REQUIRED WORK:
Below is a listing. Set down exactly the lines from the one containing "#7 rack guard at [1132, 278, 1290, 428]" through the one containing "#33 plastic crate at [1713, 496, 1919, 761]", both ends included, and leave out the rest.

Top of EXERCISE MATERIAL

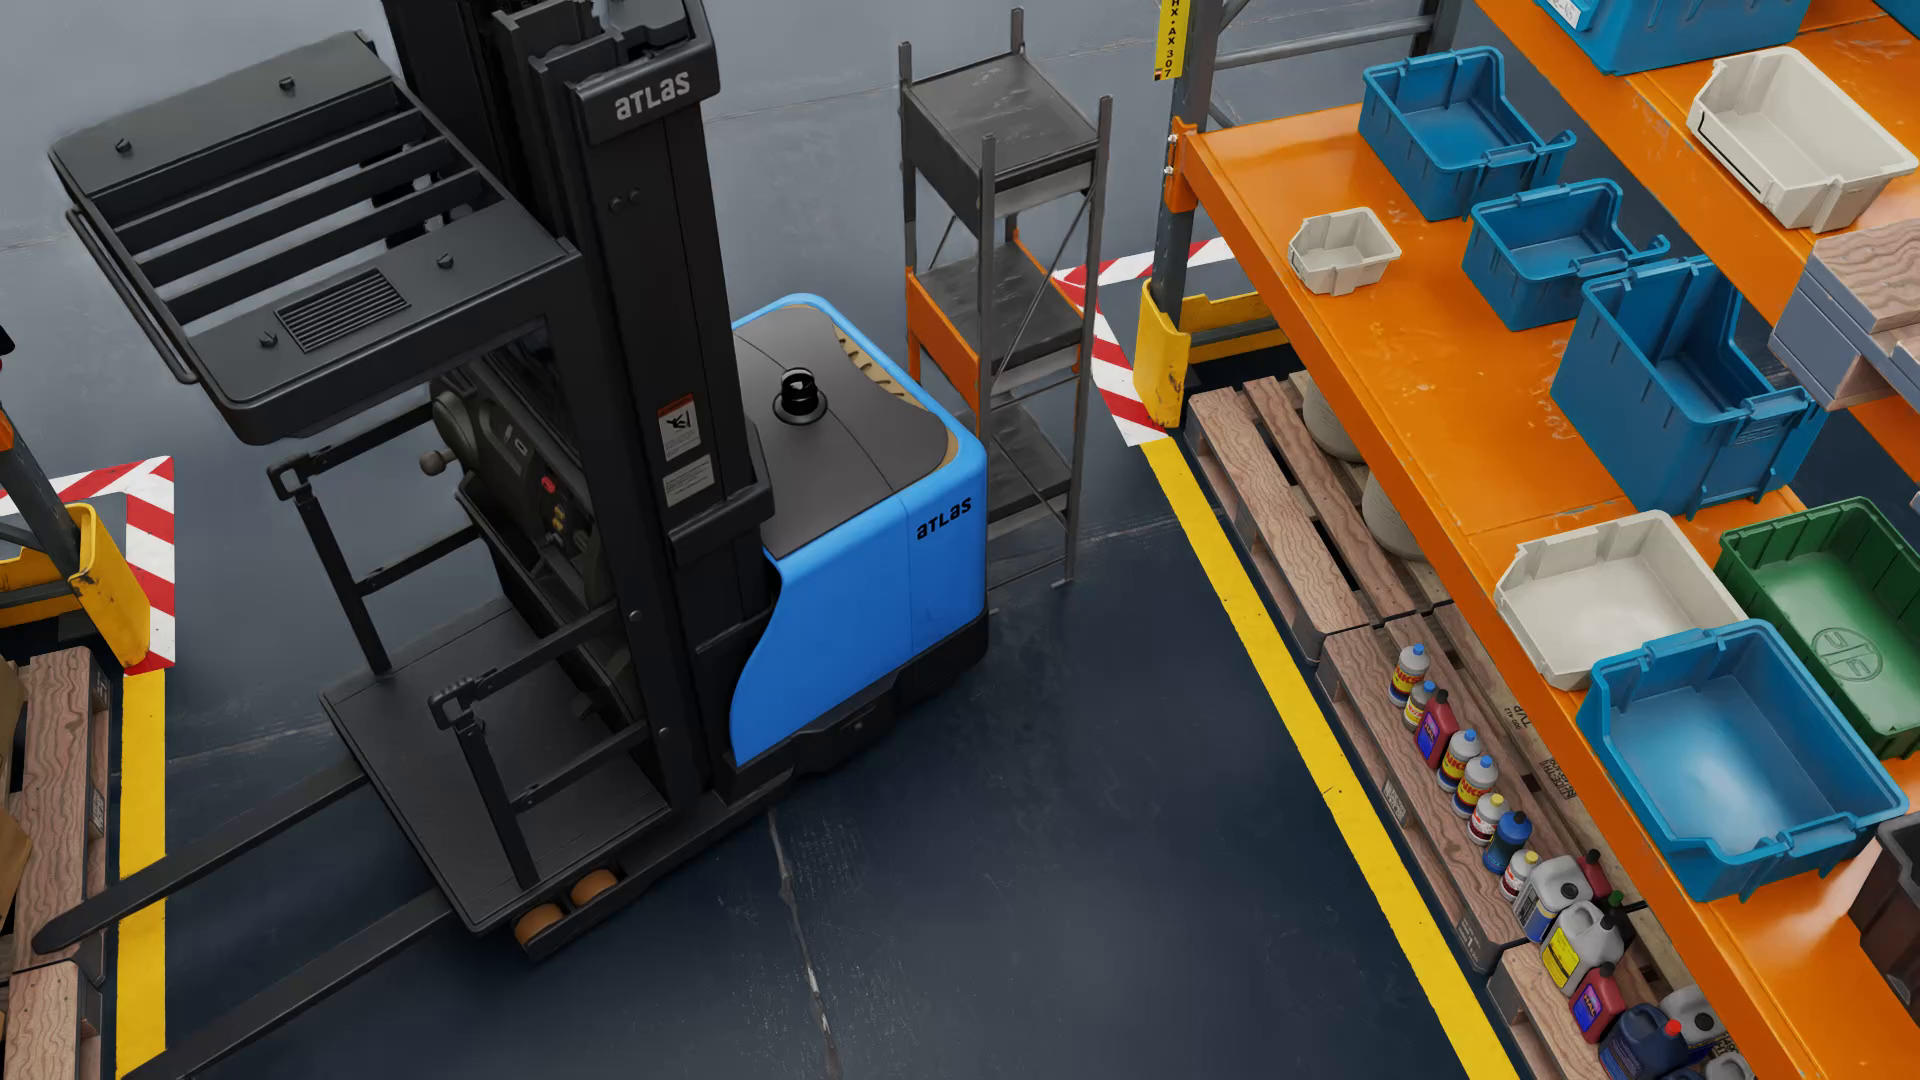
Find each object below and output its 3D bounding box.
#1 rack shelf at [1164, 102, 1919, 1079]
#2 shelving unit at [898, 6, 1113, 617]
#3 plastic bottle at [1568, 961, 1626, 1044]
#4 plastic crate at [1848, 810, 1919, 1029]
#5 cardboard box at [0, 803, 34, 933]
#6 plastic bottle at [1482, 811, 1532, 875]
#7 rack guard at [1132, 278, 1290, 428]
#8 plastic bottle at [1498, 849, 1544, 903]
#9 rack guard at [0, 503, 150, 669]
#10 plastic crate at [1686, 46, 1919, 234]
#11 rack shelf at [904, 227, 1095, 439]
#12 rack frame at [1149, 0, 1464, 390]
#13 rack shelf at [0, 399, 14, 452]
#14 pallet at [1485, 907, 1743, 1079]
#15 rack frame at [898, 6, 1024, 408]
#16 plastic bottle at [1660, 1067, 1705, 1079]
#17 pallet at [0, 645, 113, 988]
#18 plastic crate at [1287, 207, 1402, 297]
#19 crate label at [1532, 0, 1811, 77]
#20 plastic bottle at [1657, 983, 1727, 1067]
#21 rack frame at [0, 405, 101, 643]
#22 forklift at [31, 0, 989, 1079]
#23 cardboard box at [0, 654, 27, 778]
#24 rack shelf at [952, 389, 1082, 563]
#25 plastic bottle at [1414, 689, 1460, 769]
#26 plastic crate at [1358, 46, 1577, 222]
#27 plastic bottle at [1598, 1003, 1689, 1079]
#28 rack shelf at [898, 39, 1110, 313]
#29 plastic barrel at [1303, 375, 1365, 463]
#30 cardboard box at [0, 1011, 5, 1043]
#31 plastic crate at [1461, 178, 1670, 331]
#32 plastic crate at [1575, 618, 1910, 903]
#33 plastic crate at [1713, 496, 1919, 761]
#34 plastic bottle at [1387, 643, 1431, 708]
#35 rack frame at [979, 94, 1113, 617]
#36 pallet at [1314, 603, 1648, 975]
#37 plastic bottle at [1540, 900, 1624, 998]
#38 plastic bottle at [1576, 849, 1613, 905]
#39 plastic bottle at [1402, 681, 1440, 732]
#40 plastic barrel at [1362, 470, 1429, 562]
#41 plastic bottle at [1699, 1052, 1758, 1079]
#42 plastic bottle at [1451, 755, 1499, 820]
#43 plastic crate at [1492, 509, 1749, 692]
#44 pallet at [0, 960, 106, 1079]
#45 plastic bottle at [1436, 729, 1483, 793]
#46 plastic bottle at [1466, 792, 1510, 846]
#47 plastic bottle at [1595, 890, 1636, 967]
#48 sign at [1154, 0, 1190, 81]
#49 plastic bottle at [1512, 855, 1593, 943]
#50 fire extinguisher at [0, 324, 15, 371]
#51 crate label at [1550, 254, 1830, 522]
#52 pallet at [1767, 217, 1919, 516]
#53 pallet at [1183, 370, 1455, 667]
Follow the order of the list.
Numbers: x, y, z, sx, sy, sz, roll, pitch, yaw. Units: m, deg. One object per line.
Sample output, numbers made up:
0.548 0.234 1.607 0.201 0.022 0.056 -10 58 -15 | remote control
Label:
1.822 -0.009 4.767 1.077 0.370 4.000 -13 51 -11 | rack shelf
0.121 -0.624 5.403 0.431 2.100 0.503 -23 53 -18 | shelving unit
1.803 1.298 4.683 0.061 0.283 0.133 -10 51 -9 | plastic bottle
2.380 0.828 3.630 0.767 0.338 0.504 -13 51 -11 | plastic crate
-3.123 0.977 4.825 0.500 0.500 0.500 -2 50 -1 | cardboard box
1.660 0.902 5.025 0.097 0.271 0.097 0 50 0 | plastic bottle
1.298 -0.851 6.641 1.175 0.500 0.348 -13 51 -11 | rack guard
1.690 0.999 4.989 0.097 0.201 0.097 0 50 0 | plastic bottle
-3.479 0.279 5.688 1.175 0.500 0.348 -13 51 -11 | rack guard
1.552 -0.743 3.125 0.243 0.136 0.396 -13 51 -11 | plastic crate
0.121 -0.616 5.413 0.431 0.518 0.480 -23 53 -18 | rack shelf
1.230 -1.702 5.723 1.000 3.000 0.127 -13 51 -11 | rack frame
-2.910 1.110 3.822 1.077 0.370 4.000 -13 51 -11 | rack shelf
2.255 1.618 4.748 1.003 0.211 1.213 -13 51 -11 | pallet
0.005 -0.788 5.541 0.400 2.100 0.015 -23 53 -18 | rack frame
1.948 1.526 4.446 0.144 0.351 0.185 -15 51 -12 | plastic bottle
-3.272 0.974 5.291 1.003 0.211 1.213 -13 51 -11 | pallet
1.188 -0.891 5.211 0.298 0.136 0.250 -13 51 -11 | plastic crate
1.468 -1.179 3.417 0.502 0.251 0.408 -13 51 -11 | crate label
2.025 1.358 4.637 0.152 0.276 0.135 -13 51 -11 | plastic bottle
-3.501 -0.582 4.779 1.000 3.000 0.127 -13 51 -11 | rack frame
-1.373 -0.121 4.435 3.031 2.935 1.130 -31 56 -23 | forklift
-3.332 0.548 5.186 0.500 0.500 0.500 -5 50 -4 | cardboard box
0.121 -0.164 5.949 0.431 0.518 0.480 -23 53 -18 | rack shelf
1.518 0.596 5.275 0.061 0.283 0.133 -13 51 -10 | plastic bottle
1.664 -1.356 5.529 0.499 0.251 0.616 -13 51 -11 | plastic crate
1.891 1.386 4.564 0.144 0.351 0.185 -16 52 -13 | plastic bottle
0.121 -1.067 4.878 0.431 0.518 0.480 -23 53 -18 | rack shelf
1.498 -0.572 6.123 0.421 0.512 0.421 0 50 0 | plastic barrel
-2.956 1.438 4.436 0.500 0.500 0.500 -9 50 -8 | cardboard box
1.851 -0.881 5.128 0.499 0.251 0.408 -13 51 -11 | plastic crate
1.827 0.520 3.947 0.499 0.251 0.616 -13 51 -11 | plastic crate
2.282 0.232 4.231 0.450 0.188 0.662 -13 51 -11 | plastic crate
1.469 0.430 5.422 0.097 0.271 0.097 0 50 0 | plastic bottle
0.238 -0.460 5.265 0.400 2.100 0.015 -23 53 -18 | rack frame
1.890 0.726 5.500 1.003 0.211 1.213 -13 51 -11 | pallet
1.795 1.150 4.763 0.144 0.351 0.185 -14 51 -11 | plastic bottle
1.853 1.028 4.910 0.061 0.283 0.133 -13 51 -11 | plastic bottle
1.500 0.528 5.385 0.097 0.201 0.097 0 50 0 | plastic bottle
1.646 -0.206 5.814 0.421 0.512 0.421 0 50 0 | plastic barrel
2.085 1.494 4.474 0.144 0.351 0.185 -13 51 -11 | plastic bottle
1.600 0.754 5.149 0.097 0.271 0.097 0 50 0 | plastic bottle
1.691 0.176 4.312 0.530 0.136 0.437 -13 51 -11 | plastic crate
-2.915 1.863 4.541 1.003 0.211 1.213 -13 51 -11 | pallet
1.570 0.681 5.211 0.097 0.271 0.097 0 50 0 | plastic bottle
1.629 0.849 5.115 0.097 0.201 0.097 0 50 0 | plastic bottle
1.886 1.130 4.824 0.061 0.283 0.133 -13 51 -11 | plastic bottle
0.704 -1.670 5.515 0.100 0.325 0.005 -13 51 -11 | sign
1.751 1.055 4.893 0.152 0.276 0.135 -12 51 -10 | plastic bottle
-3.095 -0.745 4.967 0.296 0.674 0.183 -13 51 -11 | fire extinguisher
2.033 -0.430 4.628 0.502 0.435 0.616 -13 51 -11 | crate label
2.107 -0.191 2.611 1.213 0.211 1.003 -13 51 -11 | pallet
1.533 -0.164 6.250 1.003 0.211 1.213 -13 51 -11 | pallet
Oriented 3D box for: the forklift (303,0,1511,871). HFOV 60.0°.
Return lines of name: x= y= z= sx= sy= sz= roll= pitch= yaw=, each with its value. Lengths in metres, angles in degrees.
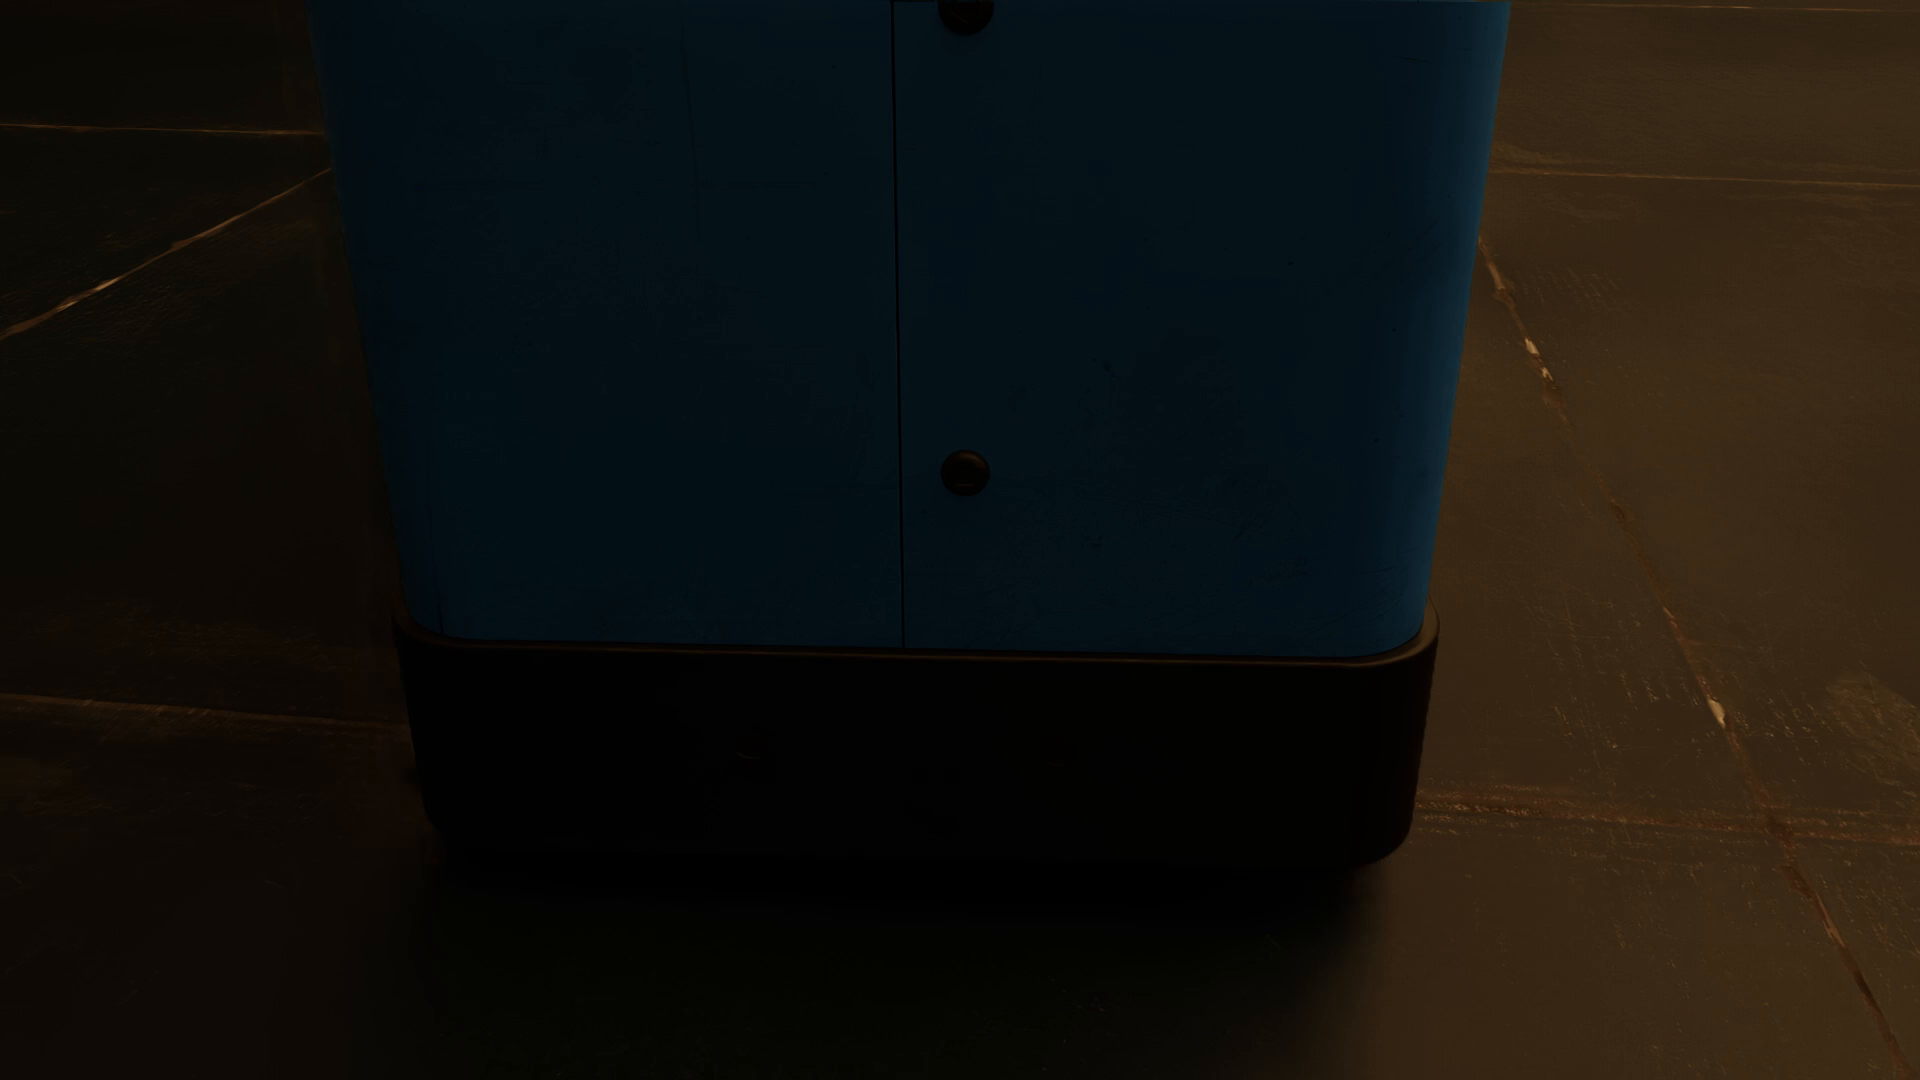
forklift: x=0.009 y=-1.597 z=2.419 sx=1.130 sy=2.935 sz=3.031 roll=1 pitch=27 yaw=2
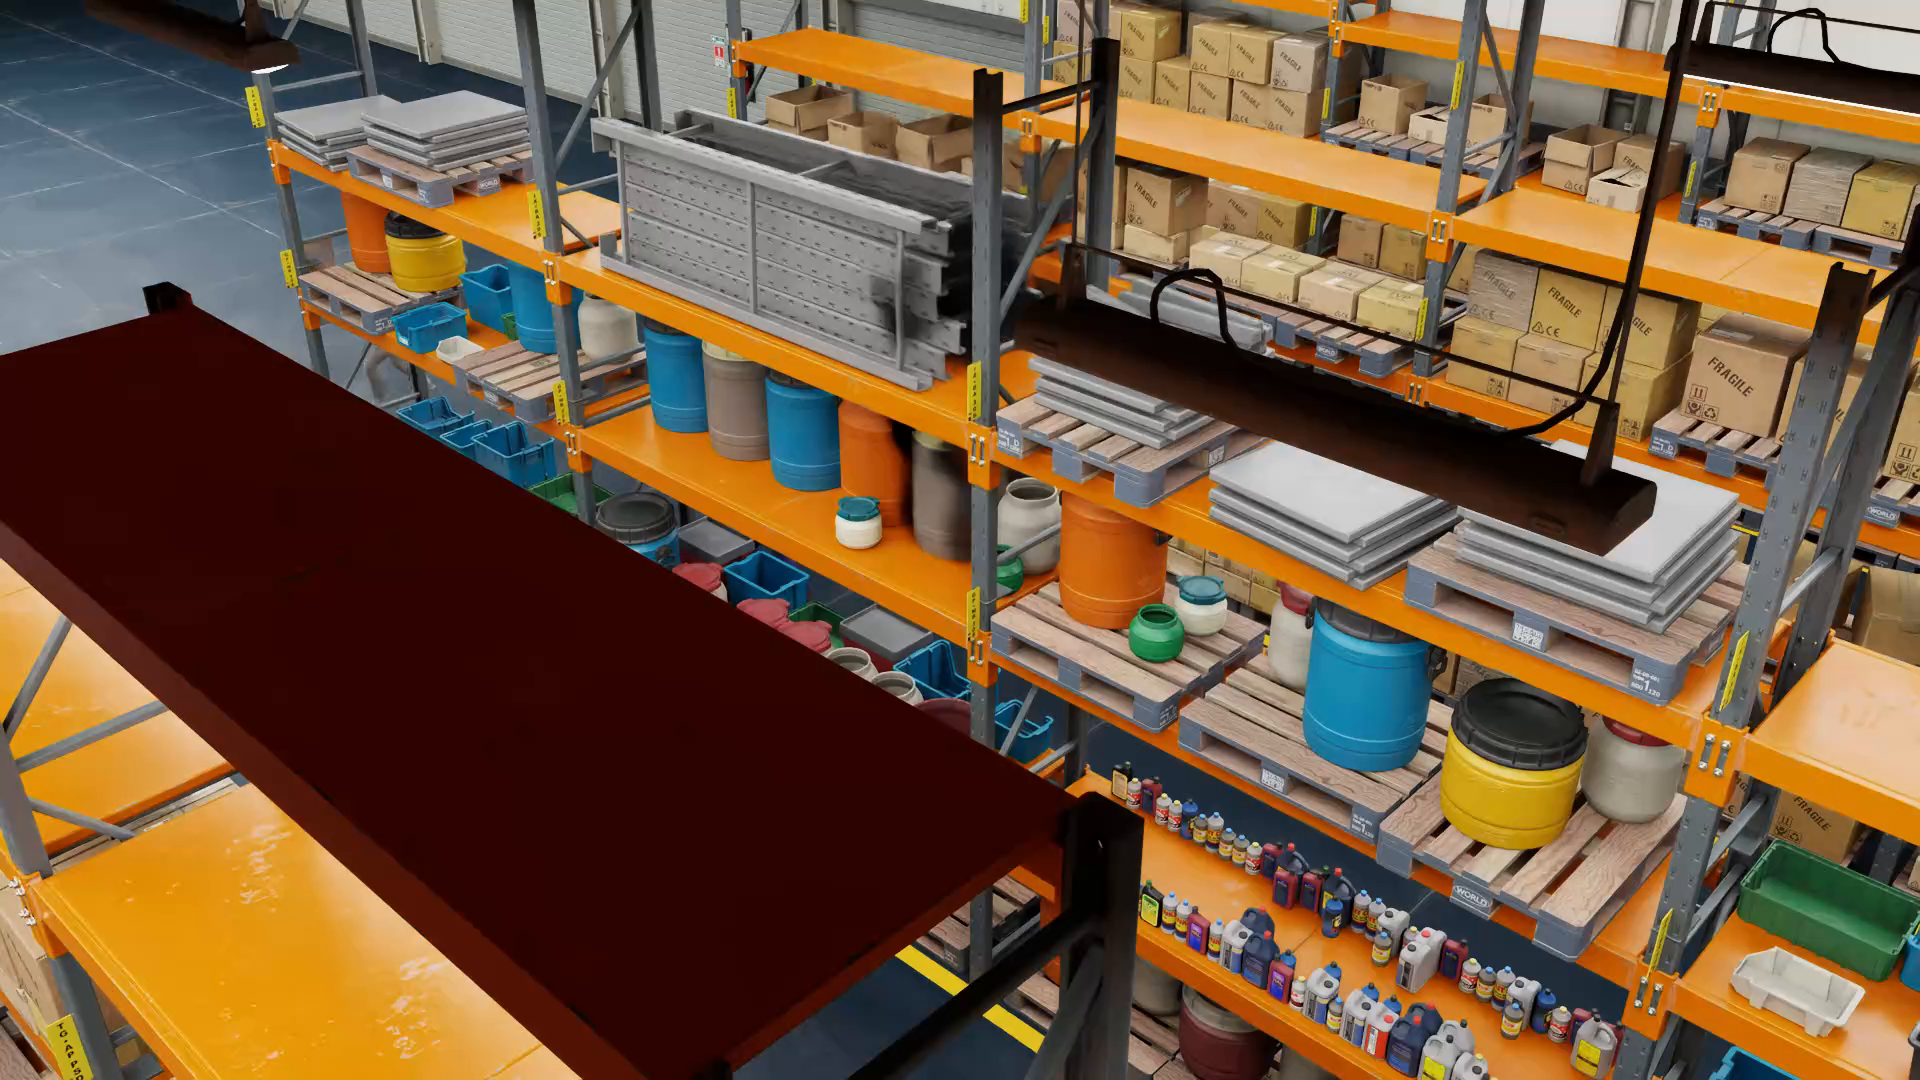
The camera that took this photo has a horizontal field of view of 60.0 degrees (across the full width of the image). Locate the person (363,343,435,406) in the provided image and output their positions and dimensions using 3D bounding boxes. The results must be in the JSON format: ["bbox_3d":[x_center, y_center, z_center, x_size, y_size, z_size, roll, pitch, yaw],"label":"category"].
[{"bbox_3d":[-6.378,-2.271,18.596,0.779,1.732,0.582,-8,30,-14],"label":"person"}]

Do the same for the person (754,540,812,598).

Bottom of EXERCISE MATERIAL

RESPONSE TO THIS EXERCISE:
#7 rack guard at [1132, 278, 1290, 428]
#8 plastic bottle at [1498, 849, 1544, 903]
#9 rack guard at [0, 503, 150, 669]
#10 plastic crate at [1686, 46, 1919, 234]
#11 rack shelf at [904, 227, 1095, 439]
#12 rack frame at [1149, 0, 1464, 390]
#13 rack shelf at [0, 399, 14, 452]
#14 pallet at [1485, 907, 1743, 1079]
#15 rack frame at [898, 6, 1024, 408]
#16 plastic bottle at [1660, 1067, 1705, 1079]
#17 pallet at [0, 645, 113, 988]
#18 plastic crate at [1287, 207, 1402, 297]
#19 crate label at [1532, 0, 1811, 77]
#20 plastic bottle at [1657, 983, 1727, 1067]
#21 rack frame at [0, 405, 101, 643]
#22 forklift at [31, 0, 989, 1079]
#23 cardboard box at [0, 654, 27, 778]
#24 rack shelf at [952, 389, 1082, 563]
#25 plastic bottle at [1414, 689, 1460, 769]
#26 plastic crate at [1358, 46, 1577, 222]
#27 plastic bottle at [1598, 1003, 1689, 1079]
#28 rack shelf at [898, 39, 1110, 313]
#29 plastic barrel at [1303, 375, 1365, 463]
#30 cardboard box at [0, 1011, 5, 1043]
#31 plastic crate at [1461, 178, 1670, 331]
#32 plastic crate at [1575, 618, 1910, 903]
#33 plastic crate at [1713, 496, 1919, 761]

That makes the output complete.